In executing step S304, the MME network element may further execute the following steps:

s30401, determining a bisection axis of an intersection area; the bisection axis passes through the current position of the user terminal and bisects the intersection region;

s30402, determining the component size of the motion speed in the direction of the bisection axis;

s30403, determining a first timing value according to the component size; wherein the magnitude of the first timing value is inversely related to the absolute value of the magnitude of the component.

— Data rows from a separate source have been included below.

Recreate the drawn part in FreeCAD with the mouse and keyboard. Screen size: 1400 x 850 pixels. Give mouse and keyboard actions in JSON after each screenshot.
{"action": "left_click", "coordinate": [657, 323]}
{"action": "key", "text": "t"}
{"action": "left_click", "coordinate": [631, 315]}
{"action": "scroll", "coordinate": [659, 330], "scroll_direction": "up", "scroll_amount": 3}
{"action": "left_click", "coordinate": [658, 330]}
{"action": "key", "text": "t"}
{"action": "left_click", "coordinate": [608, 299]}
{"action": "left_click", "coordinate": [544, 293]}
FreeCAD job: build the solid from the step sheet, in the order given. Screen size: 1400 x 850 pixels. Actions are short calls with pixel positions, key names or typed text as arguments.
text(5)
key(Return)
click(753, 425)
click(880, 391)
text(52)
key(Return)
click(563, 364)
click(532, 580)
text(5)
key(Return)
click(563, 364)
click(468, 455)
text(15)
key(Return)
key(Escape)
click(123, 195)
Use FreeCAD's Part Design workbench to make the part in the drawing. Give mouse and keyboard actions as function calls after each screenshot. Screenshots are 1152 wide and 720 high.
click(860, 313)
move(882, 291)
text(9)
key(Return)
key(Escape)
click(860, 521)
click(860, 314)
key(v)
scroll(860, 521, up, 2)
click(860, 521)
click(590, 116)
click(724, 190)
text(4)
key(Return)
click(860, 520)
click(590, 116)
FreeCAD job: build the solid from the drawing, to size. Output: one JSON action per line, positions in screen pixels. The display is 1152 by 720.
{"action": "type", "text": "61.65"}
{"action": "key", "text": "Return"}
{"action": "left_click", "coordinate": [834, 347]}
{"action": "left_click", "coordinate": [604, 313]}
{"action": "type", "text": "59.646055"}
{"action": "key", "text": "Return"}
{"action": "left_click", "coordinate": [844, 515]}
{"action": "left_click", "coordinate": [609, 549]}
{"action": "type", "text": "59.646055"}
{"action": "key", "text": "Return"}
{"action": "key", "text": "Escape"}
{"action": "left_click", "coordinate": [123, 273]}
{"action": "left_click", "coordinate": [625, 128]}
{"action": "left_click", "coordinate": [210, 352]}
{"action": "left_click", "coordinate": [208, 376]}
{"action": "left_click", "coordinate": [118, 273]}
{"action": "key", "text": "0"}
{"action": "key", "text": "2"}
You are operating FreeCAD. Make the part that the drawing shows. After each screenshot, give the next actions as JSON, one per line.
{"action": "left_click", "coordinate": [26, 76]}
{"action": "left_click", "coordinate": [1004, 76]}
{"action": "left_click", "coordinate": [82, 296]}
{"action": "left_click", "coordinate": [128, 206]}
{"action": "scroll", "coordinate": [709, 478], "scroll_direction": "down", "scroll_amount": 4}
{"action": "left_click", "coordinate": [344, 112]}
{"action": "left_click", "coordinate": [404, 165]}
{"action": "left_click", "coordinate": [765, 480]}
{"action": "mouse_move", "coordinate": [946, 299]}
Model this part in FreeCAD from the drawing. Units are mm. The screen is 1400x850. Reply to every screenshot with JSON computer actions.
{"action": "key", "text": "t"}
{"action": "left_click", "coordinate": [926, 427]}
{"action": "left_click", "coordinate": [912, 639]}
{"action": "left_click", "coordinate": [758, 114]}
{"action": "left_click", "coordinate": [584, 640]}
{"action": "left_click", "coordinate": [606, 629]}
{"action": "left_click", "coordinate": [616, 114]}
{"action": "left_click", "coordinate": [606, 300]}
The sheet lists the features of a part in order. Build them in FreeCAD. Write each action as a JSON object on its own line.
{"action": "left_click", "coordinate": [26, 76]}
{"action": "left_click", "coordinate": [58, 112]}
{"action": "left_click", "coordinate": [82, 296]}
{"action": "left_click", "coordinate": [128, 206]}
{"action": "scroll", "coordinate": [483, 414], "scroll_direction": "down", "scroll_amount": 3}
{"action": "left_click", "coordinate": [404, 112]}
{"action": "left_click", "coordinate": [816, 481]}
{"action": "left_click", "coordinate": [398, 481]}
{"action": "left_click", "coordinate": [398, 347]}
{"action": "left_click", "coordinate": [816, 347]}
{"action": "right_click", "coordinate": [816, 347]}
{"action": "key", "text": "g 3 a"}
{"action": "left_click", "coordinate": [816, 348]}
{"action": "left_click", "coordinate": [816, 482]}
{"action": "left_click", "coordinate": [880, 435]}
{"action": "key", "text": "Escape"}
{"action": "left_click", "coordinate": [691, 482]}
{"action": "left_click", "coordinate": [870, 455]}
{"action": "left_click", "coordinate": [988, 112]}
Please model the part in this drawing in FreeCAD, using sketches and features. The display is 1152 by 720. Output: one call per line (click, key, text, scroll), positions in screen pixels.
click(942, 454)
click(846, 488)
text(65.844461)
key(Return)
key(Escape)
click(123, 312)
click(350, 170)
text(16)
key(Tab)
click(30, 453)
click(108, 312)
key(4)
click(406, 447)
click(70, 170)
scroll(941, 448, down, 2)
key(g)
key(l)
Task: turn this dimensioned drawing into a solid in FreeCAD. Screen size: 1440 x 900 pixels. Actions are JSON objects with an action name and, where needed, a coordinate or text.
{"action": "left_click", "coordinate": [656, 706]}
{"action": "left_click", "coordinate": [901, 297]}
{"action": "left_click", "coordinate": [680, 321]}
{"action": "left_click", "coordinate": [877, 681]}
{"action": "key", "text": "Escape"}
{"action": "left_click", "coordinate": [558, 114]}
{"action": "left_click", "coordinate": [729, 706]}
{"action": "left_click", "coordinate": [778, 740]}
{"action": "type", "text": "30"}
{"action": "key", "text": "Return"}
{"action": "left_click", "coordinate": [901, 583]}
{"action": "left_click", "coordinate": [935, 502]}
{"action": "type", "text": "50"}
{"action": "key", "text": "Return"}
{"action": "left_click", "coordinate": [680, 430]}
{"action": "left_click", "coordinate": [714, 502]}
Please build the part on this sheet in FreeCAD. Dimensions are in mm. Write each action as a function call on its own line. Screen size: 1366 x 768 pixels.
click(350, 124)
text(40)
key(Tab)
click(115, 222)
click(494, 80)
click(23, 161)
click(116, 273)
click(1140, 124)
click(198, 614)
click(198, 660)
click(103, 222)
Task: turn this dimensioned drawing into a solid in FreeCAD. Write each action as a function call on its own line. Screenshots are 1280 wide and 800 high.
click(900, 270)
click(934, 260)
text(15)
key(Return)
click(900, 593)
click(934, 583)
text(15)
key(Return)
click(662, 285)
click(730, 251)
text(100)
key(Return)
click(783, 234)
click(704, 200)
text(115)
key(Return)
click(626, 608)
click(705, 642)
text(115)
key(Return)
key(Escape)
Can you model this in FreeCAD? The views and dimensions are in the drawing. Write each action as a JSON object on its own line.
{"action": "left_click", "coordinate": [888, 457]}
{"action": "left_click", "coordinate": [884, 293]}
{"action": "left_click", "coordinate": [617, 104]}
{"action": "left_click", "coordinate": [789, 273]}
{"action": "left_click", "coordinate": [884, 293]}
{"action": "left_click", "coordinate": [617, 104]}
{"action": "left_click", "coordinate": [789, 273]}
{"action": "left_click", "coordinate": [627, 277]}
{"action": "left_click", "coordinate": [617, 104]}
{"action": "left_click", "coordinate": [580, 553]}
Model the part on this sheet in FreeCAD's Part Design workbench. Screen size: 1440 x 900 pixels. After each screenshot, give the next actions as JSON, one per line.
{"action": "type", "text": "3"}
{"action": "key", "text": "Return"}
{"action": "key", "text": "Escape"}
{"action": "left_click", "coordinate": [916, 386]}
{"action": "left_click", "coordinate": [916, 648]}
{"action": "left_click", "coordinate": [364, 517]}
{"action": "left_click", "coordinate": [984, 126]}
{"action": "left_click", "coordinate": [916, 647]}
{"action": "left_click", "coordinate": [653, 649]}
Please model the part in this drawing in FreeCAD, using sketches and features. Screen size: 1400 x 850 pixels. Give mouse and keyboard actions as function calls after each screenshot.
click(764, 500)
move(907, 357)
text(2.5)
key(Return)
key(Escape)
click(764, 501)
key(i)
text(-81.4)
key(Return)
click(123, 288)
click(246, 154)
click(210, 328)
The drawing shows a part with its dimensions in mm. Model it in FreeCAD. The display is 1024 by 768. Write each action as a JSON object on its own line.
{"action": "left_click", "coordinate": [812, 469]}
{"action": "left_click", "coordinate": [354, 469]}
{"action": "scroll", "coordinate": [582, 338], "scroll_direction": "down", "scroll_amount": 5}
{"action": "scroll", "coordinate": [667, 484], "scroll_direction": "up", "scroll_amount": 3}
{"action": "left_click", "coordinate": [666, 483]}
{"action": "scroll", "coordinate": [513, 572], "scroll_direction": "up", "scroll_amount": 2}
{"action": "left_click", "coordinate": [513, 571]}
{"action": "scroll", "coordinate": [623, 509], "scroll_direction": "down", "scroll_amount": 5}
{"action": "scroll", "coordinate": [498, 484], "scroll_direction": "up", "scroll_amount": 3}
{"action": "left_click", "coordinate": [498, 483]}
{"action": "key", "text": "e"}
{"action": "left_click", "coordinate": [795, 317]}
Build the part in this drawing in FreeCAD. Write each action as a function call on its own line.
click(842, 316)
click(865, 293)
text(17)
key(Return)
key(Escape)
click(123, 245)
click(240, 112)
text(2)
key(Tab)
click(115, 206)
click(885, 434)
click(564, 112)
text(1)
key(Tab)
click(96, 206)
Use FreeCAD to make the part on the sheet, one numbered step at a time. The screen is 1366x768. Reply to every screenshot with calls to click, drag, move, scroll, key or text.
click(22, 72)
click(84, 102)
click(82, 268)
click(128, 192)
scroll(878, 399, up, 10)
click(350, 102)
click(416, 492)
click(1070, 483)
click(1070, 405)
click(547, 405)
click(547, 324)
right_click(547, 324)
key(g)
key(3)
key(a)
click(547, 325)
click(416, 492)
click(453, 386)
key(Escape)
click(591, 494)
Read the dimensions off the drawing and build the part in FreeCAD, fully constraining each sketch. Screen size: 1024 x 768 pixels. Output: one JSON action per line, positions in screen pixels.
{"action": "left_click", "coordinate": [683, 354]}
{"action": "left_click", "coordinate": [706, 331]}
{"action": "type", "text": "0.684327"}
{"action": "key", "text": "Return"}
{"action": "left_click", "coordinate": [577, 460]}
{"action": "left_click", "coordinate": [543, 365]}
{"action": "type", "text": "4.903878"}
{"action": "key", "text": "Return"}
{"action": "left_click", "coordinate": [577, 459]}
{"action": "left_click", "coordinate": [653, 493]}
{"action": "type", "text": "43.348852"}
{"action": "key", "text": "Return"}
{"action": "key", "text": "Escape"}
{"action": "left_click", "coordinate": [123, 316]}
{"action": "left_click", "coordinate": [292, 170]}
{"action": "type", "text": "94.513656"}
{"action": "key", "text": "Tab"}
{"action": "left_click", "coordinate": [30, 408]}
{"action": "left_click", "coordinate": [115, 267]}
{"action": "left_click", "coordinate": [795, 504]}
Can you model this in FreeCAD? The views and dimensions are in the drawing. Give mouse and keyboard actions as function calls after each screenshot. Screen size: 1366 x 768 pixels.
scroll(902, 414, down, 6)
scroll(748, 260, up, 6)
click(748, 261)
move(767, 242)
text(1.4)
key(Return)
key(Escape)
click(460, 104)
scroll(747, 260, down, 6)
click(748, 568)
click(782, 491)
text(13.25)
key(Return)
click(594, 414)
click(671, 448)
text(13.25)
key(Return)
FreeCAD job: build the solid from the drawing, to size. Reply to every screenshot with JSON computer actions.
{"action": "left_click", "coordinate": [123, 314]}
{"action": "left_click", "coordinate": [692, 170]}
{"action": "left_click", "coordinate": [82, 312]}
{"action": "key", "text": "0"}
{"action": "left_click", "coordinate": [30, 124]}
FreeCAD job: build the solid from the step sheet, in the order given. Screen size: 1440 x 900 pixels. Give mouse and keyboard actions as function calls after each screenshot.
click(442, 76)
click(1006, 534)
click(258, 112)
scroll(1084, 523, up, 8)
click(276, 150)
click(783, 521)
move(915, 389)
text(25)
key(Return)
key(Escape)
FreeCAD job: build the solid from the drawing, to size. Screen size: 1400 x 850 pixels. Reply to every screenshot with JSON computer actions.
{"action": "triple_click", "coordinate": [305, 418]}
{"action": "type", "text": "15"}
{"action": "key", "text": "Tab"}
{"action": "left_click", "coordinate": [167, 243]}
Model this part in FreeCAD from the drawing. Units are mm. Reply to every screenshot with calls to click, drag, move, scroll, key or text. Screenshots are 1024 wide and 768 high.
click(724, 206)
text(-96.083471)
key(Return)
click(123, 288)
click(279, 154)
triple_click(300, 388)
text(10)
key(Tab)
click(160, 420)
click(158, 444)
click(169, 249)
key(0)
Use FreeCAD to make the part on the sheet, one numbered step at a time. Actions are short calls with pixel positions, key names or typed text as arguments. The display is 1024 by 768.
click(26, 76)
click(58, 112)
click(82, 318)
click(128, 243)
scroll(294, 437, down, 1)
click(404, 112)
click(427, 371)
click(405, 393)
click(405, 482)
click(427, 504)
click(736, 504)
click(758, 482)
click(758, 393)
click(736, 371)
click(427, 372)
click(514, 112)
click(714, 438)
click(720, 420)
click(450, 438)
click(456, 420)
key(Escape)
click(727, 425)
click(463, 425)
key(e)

The principle of steps S30401-S30403 is shown in FIG. 3. Since the current active area of the ue is set to be circular and the signal coverage area of the first bs is cellular in this embodiment, that is, the current active area of the ue and the signal coverage area of the first bs can both be symmetric graphs, the intersection area is usually symmetric.

The shaded portion in fig. 3 is a symmetric intersection region, and the dotted line therein is a symmetric axis of the intersection region, that is, a bisection axis passing through the current position of the user terminal and bisecting the intersection region. Referring to fig. 3, the moving speed of the user terminal may be expressed as a vector from the location where the user terminal is currently located.

In step S30402, the component size of the motion velocity in the direction of the bisection axis is related to the size of the motion velocity itself, and also related to the included angle between the motion velocity and the bisection axis. The larger the movement speed is, the larger the component of the movement speed in the direction of the bisection axis is, and the smaller the included angle between the movement speed and the bisection axis is, the larger the component of the movement speed in the direction of the bisection axis is.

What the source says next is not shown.